(Extracted records)
- Opening Delimiter -

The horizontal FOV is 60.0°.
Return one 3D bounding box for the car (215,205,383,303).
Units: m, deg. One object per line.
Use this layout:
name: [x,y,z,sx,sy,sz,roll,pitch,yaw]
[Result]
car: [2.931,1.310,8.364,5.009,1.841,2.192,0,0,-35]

- Closing Delimiter -
- Opening Delimiter -

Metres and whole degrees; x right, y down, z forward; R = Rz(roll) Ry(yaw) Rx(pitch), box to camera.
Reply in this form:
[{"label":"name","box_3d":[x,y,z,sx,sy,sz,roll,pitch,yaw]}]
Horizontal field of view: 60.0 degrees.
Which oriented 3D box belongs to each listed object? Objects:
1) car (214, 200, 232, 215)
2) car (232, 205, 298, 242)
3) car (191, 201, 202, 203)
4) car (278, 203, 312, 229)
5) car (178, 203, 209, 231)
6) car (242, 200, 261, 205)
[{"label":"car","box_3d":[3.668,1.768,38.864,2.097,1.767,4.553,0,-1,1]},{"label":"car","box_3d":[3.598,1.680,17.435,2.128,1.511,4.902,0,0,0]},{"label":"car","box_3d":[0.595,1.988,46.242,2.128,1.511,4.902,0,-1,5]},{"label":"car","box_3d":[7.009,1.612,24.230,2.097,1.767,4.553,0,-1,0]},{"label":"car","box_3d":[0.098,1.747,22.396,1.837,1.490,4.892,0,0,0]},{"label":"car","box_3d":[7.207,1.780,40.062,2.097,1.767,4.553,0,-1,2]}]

- Closing Delimiter -

#### [What you will do]
Every line above that includes the string "degrees" needs to be copied.

#### [Output for this exercise]
Metres and whole degrees; x right, y down, z forward; R = Rz(roll) Ry(yaw) Rx(pitch), box to camera.
Horizontal field of view: 60.0 degrees.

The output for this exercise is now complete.